As I hint in this chapter's introduction, taking care of an installed and stocked water garden is pretty easy. You'll be out there admiring it and monitoring the progress of waterlily buds and other bloomers anyway, so just turn those frequent visits into a brief check-up.
The main water-garden water issue occurs when the water level drops. On hot summer days, you can lose a bit to evaporation.
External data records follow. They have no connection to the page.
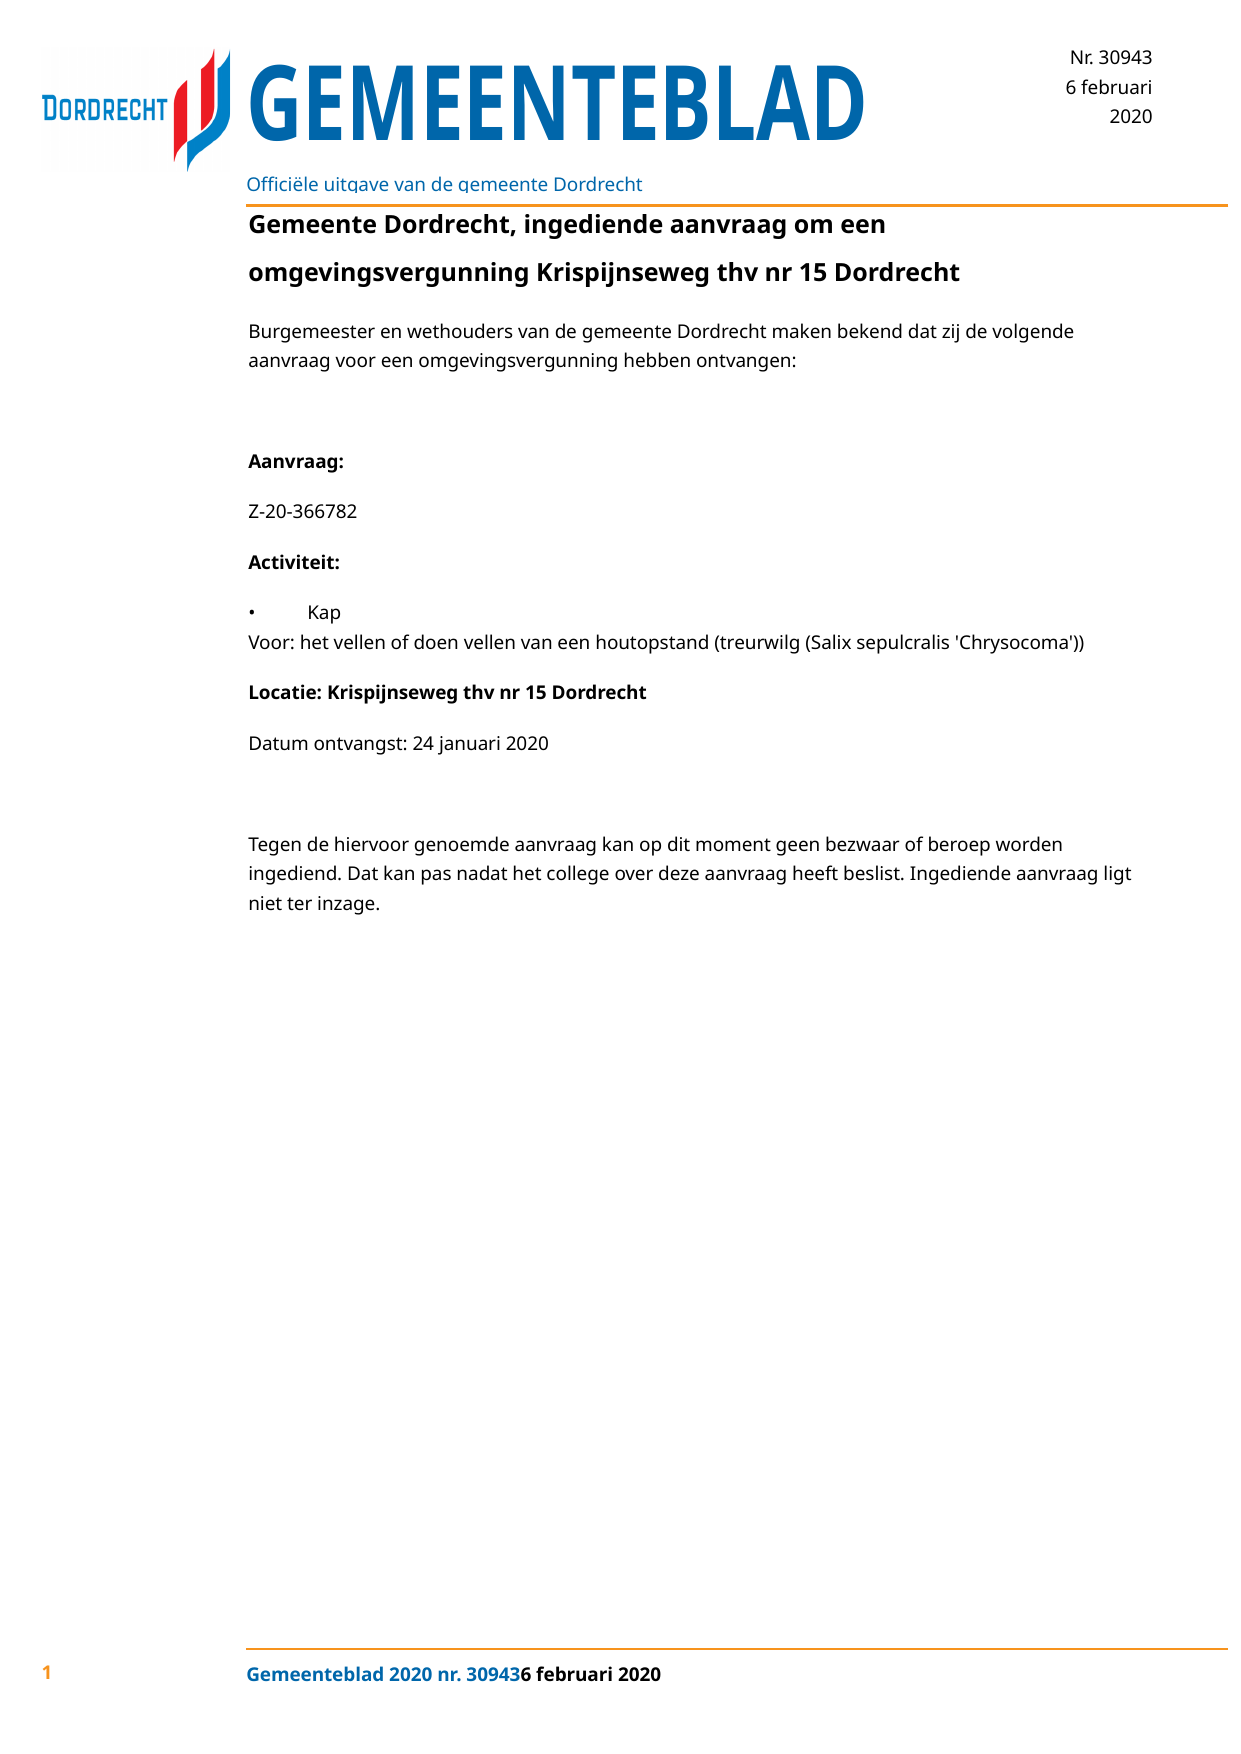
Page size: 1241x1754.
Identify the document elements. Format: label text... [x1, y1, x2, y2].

text Datum ontvangst: 24 januari 2020 [248, 730, 1152, 756]
text Tegen de hiervoor genoemde aanvraag kan op dit moment geen bezwaar of beroep worden ingediend. Dat kan pas nadat het college over deze aanvraag heeft beslist. Ingediende aanvraag ligt niet ter inzage. [248, 831, 1152, 916]
text Activiteit: [248, 549, 1152, 575]
list Kap [248, 599, 1152, 625]
text Aanvraag: [248, 448, 1152, 474]
text Burgemeester en wethouders van de gemeente Dordrecht maken bekend dat zij de volgende aanvraag voor een omgevingsvergunning hebben ontvangen: [248, 318, 1152, 373]
text Gemeente Dordrecht, ingediende aanvraag om een omgevingsvergunning Krispijnseweg thv nr 15 Dordrecht [248, 207, 1152, 288]
text Locatie: Krispijnseweg thv nr 15 Dordrecht [248, 679, 1152, 705]
text Voor: het vellen of doen vellen van een houtopstand (treurwilg (Salix sepulcralis 'Chrysocoma')) [248, 629, 1152, 655]
picture [41, 47, 231, 172]
text Z-20-366782 [248, 499, 1152, 524]

Top off the water garden with the hose; just make sure the end of the hose is immersed and that the flow of water doesn't dislodge a pot or plant. (Yes, I do caution you about the dangers of chlorine and chloramines in municipal tap water in the preceding section, but that info's for when you're pouring in many gallons for the initial filling; a little bit of those chemicals entering the water now shouldn't do your fish or plants any harm.)
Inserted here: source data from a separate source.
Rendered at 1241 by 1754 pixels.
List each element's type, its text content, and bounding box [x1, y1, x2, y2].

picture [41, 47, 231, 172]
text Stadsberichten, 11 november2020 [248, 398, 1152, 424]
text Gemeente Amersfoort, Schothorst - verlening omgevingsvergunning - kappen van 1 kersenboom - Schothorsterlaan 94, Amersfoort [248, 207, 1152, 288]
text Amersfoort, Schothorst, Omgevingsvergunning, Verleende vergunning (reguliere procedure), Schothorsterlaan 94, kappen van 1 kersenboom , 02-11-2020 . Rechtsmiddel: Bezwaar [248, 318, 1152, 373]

If you come out some morning and the water level has dropped dramatically, your liner is damaged and leaking. Siphon off more water until you find the problem spot; then stop and patch it. (Patch kits are available wherever liners are sold.) Insert a garden hose so that one end is submerged. Then take the other end of the hose and take it so it is below the level of the end in the pond. Inhale once to start the suction and this should get the water flowing. If the pond is lower than the ground surrounding it, this manual suction won't work so get a submersible pump. Put it in the pond and attach tubing to the output end of the pump. Turn it on and it will rapidly drain the pond.